Robin and Moscovitch (2017) propose that perceptually detailed, highly specific representations are mediated by the posterior hippocampus and neocortex, gist-like representations by the anterior hippocampus, and schematic representations by ventromedial prefrontal cortex:

A gist representation may not be richly detailed but is still specific to a single episode (‘my tenth birthday party’), while a schema is a more abstract representation based on multiple similar episodes or memories (birthday parties in general). Crucially, schema, gist and detailed representations are not mutually exclusive. These differing representations may co-exist and support one another or may be preferentially retrieved at the expense of the other(s) based on the particular demands of a task. Thus, it is the quality or nature of the memory representation, rather than its age, that determines whether it is dependent on the hippocampus. (Robin and Moscovitch 2017, p. 114)

However, this raises a flag in that the term “schema” is being used differently from that used in our schema theory (e.g., VISIONS).

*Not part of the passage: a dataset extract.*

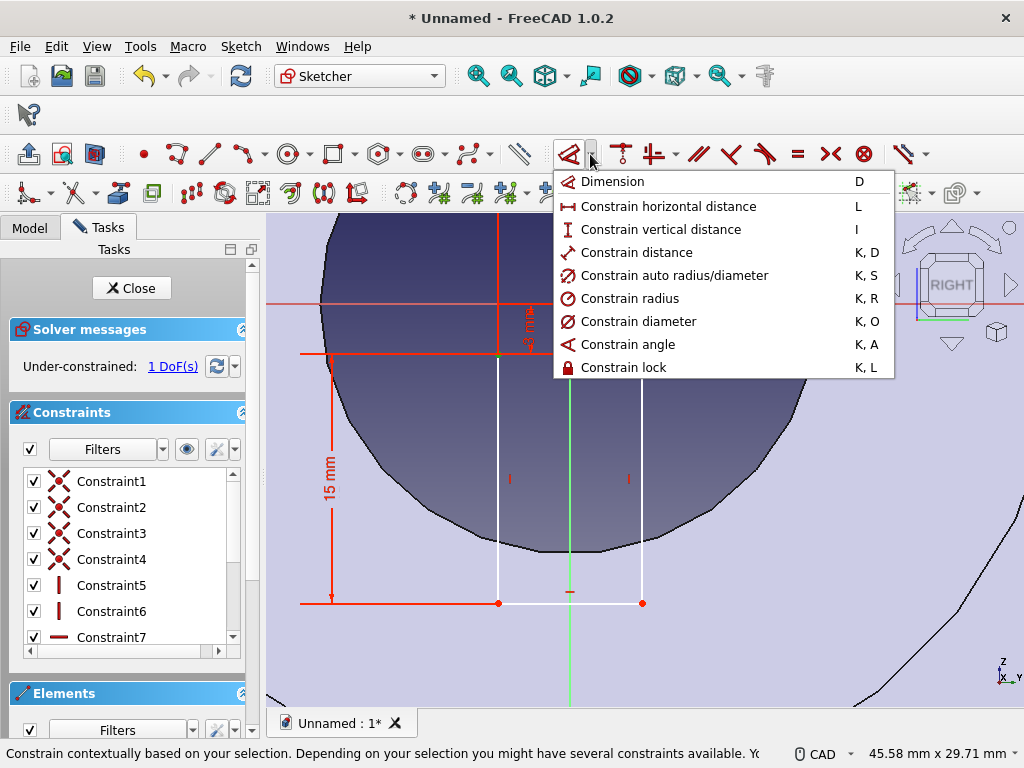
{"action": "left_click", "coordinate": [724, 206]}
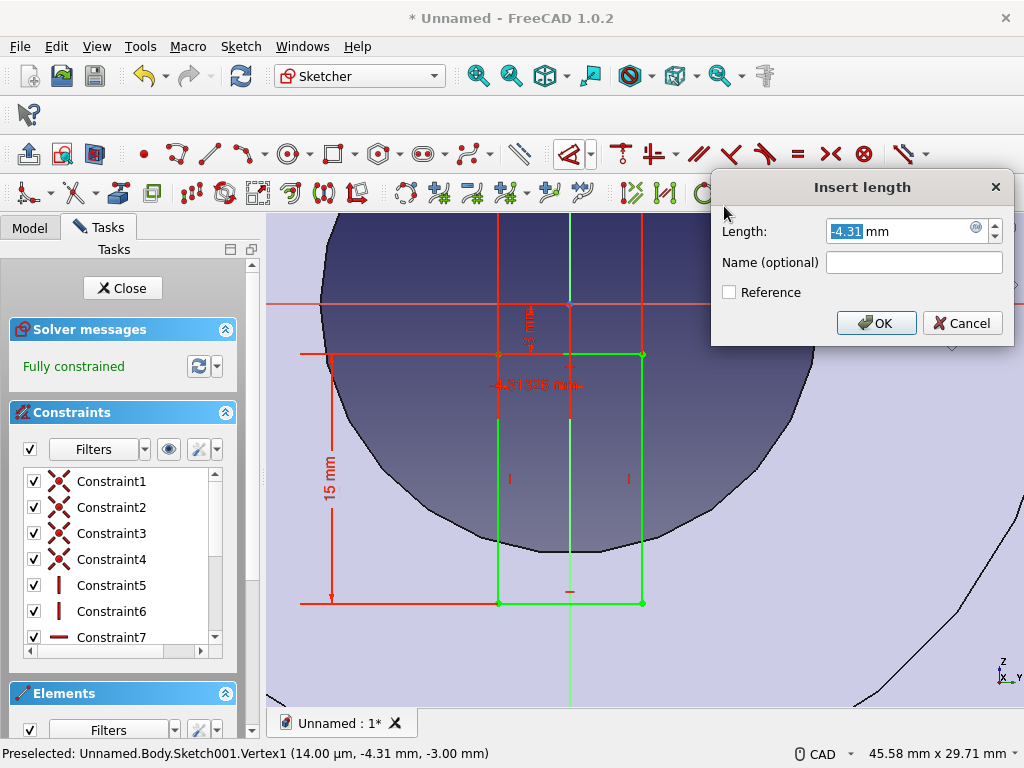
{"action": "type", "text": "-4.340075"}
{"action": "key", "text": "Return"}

There, the distinction between schema instances in working memory (WM) and the schemas in long-term memory is crucial: we might say that the highly specific representation is the network of parameterized schema instances linked to the temporo-spatial regions within the episode; the gist might then comprise the more general schema instances that provide the context for top-down influences on this highly specific representation, while the schema-in-their-sense is more like the generic trace in long-term memory of what can be construed as a very high-level schema-in-our sense, but is more often referred to as a frame or script (Minsky 1975; Schank and Abelson 1977). The invocation of scripts emphasizes the crucial extension of VISIONS in going from spatial to spatiotemporal schemas, as exemplified in our modeling of neural networks for action recognition—networks that exploit object recognition as the basis for recognizing static and dynamic relationships between them, and which do not engage the hippocampus.

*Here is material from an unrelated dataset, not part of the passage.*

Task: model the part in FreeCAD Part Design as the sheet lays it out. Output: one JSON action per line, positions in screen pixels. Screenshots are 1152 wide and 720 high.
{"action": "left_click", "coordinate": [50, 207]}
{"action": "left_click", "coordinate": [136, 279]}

Recall our earlier caution that it may be mistaken to place all the construction processes engaged in “scene understanding” in interpreting a novel scene in the hippocampus. Nonetheless, hippocampus may be crucial to “episode recognition,” the sense that one is seeing a scene similar to one experienced before) so firmly in the hippocampus, and the recall of a prior episode may provide a top-down input to understanding the current novel episode that one is experiencing—both by rapidly activating instances of schemas linked to the previous episode, and by allowing brain mechanisms of the kind to be explained by extending VISIONS with the ability to flag regions associated with the activation of schemas not linked to the current episode as possible candidates for special attention.

At this point, it helps to recall the component process model of Moscovitch et al. (2016). This holds that, when encoding episodes, hippocampus obligatorily binds together into a memory trace or engram those neural elements in the medial temporal lobe and neocortex that give rise to the perceptual, emotional, and conceptual experience (for the present discussion, I leave aside the possible role of autonoetic consciousness). We can place this within our emerging framework for IBSEN as follows:

  • Schema theory provides a coherent framework for an above-the-neuron analysis for cognitive neuroscience.

  • Competition and cooperation between schema instances can both make sense of the current environment and determine assemblages of motor schemas that control action, with perceptual schemas passing parameters for relevant affordances to the motor schemas.

  • More generally, though, the brain can engage diverse schemas beyond those immediately linked to perception and action, and these can undergird mechanisms that underlie abstract thought, memory and imagination.

  • In each case, the activation of, and interaction between, schema instances involves bottom-up influences (e.g., from sensory inputs), lateral interactions (between already activated instances in diverse “regions”), and top-down influences (created by context, motivation, tasks, and more).

The implication of our analysis is that the hippocampal trace of an episodic memory can provide a top-down influence on current schema interactions. However, there is no reason to claim that traces of prior experience are limited to hippocampus—and, indeed, traces in neocortex may serve to activate episodic memory traces in hippocampus, since competition and cooperation can be reciprocal.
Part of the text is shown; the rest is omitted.